The Quireboys have just returned for their encore, and Spike addresses the crowd. “I am The Quireboys singer, like it or not.” He says, and with that, they play “Like It Or Not”. A new song, from their upcoming album, and one that has a whole lot more soul than usual.

Mostly though, this has felt like business as usual. Yes, I am aware that there are two bands knocking around with the name after some shenanigans but look. If Spike’s in a band called The Quireboys then that’s the damn Quireboys.

And even if the band around him may have changed, then he bounds on – probably drunk – with those words, “we are the Quireboys. And this is Rock N Roll.

And it is. My goodness, it is. “Jeez Louise”, their comeback single, and nothing else seems to matter but the fact we’re here to celebrate these songs.

They’ve dusted a few off too and if you haven’t heard “Can’t Park Here” for a while, then it still sounds superb.

It’s one of the returning from the second record. “Tramps And Thieves” a little later, or the wonderfully emotional “King Of New York” chief amongst them.  The latter is particularly important, given that it’s dedicated to founder member of the band Guy Bailey, who died just over a year ago, but who’s spirit is all over this.

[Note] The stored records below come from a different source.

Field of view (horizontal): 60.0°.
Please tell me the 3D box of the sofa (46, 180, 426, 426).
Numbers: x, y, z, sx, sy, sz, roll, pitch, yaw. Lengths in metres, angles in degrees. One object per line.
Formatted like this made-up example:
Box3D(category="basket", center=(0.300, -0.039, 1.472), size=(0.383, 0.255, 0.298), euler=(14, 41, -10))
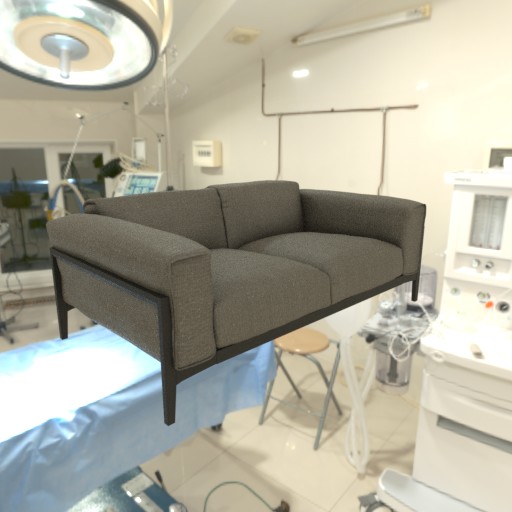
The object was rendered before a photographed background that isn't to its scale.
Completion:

But, let us be honest about it, we all need to hear stuff from the debut album. A disclaimer: there’s a new series of Desert Island Discs starting on Radio 4. If I was on it, that record would be in my selection. “Misled”, “Sweet Mary Ann”, “Hey You” and the rest still sound brilliant, too, but then so do the new songs like “Raining Whiskey”.

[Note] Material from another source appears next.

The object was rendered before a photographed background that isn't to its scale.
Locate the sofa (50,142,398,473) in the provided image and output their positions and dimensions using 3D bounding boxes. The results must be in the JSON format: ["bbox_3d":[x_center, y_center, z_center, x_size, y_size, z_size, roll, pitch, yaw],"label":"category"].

And that might be because the band are so comfortable. Nigel Mogg, Riki Ratchman, and Dowling (who is subbing for Chris Johnstone) have been in the family for 40 years. It shows.

The newbie is the star name. Luke Morley “of Terraplane” as Spike, who is his natural ebullient self, jokes, is in while he’s at a loose end and he’s as superb as you imagined he would be.

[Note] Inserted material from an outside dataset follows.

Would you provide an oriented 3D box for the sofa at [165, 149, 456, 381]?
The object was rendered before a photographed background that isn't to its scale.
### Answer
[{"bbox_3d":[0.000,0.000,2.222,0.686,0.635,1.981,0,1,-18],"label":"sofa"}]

The country-fried “Roses And Rings”, “There She Goes Again” and “Seven O’Clock” end the set, before the encore is to both extremes of their career. The aforementioned new one, before a trot back right to the start for “Mayfair” – their first-ever single.

That leaves just one more. “I Don’t Love You Anymore”, might, given that it’s a ballad initially appear to be an odd choice to end on, but when they do, it really works. It’s a truly superb song.

It does mean there’s no “Sex Party” which is fine, we’re all too old for such things And what we were invited to tonight was way more fun, anyway. This is the official, the original and still the absolute best. And, yes, this was rock n roll.